Microbial hosts and their coexisting MGEs can affect the distribution and spread of ARGs (Wang et al., 2018). Tracking, managing, and limiting the spread of ARG-associated MGE in pathogenic and symbiotic bacterial species is the key to controlling AMR (Forster et al., 2022). In this study, based on the abundance of ARG subtypes, genus-level host abundance, and species-level HPB abundance, the Mantel test analysis was performed with MGE subtypes abundance to reveal the potential transmission risk of ARGs. In hospital wastewater and sludge water, the difference of ARGs community is the key factor affecting MGEs (Figure 7A). ARGs carried by MGEs are key drivers of the human-mediated spread of AMR (Karkman et al., 2019). The abundant ARGs in hospital wastewater and sludge water mainly complete the potential transmission through coexisting MGEs. These findings provide additional evidence for the pivotal role of MGEs in AMR transmission. Particularly in high-antibiotic-pressure environments, such as hospital wastewater, the activity and abundance of MGEs may significantly increase, thereby accelerating the spread of ARGs (Sun et al., 2023).

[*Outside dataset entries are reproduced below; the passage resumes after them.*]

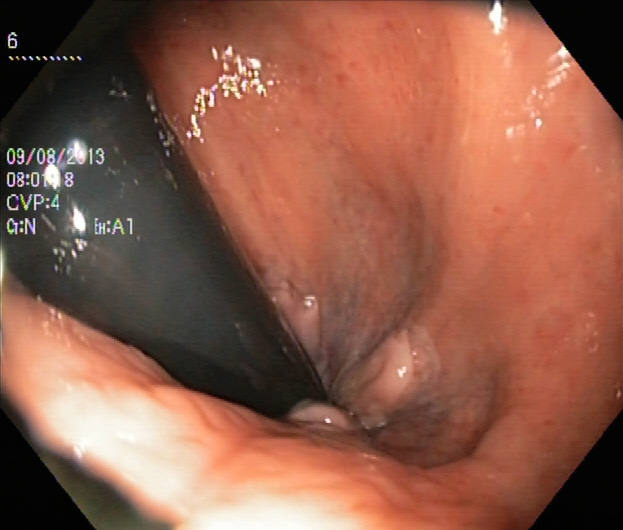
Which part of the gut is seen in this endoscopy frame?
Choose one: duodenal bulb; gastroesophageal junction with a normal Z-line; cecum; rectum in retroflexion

rectum in retroflexion
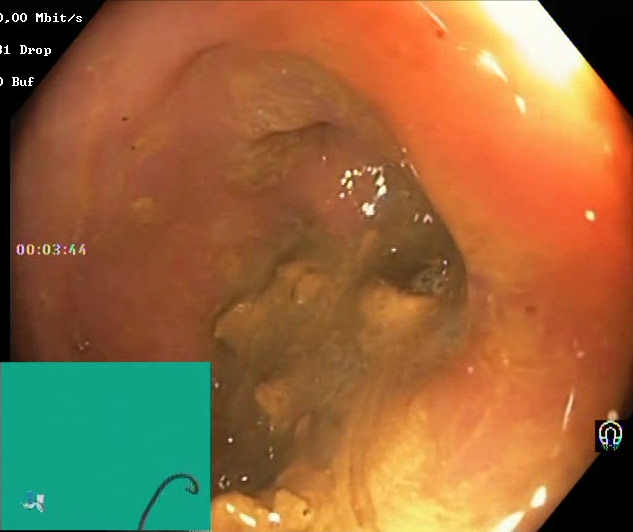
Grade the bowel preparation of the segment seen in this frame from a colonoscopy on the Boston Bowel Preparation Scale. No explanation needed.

Boston Bowel Preparation Scale score 0–1 (inadequate preparation)
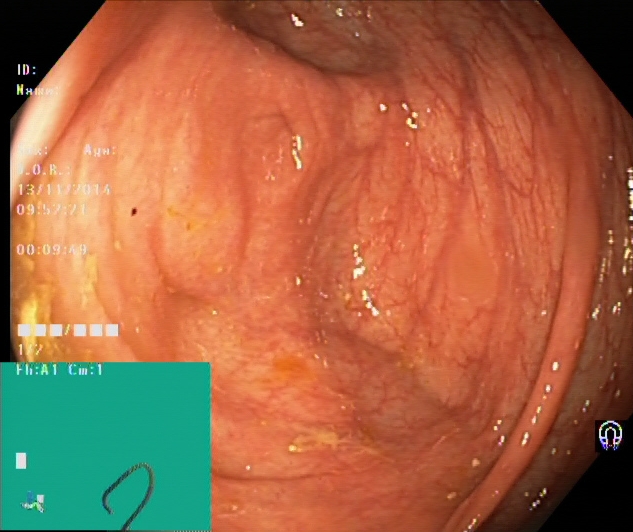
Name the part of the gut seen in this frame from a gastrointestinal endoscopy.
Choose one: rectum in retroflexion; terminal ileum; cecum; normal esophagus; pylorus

cecum
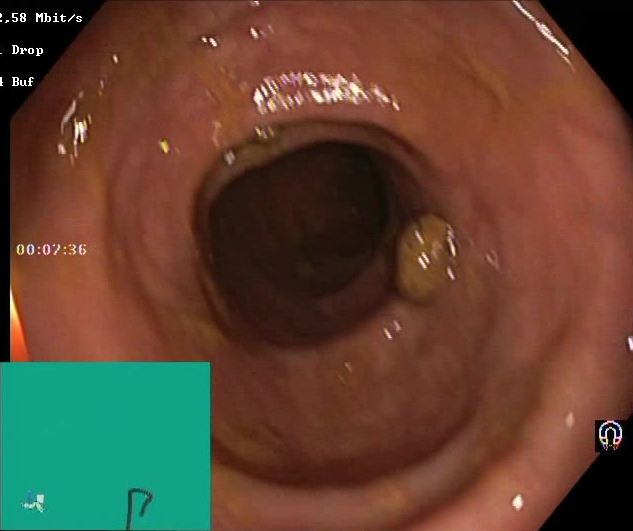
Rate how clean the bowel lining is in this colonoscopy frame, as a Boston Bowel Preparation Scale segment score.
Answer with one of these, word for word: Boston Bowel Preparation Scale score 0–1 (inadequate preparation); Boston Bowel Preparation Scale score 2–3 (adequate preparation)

Boston Bowel Preparation Scale score 2–3 (adequate preparation)
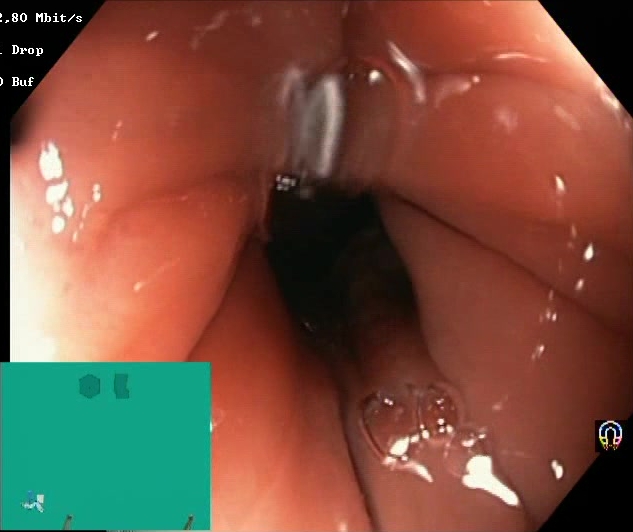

Moreover, a moderate positive correlation was observed between variations in host communities and those in MGE communities (Figure 7B). It could result from MGEs affecting bacterial host adaptability (Lopatkin et al., 2016). MGEs can mobilize and integrate in a site-specific or non-specific manner throughout the host genome, accounting for this relationship (Durrant et al., 2020). Nonetheless, host community diversity may also be influenced by broader ecosystem drivers such as environmental conditions and resource availability, leading to a weaker correlation (Zhang et al., 2019). There is no obvious linear correlation between HPB and MGEs (Figure 7C). The reason for this phenomenon may be that HPB has a small proportion in ARG hosts (Wang et al., 2022), and only a minority of HPB associated with identified ARGs, and non-pathogens are the main hosts of ARGs (Xu et al., 2024). At the same time, the abundance and distribution of HPB are primarily influenced by their specific ecological niches and external environmental factors, such as pollutant levels or antibiotic stress (Hocquet et al., 2016), rather than being fully dependent on MGEs. These results indicate that MGEs play an important role in the change of ARGs abundance, and MGEs increase the potential risk of ARGs transferring from hospital wastewater to sludge water and HPB (Fang et al., 2019). Therefore, we should focus on the regulatory mechanism of MGEs on ARG migration in hospital wastewater to further control the risk of environmental resistance. Overall, this study highlights that sludge water, as a potential route for the transmission of ARGs and HPB in hospital wastewater into the environment, poses an alarmingly serious risk, which should be paid more attention to by the government.

5 Conclusion

This study highlights the crucial role of sludge water as a pathway for transmitting ARGs and HPB from hospital wastewater into the environment. While activated sludge treatment reduces the overall abundance of ARGs, it also concentrates specific ARG subtypes, increasing their presence in sludge water. The variation in ARG abundance and host patterns between hospital wastewater and sludge water suggests that sludge water is an overlooked reservoir for ARGs and HPB. The co-occurrence of ARG–MGE raises the risk of horizontal gene transfer, further spreading resistance genes into the environment. A large number of ARG subtypes persist through MGEs, intensifying the transmission of antibiotic resistance. This enrichment in sludge water poses serious environmental and public health risks, emphasizing the need for more robust monitoring and regulatory measures. This research underscores the potential of sludge water to contribute to the spread of AMR and calls for strategies to mitigate its impact.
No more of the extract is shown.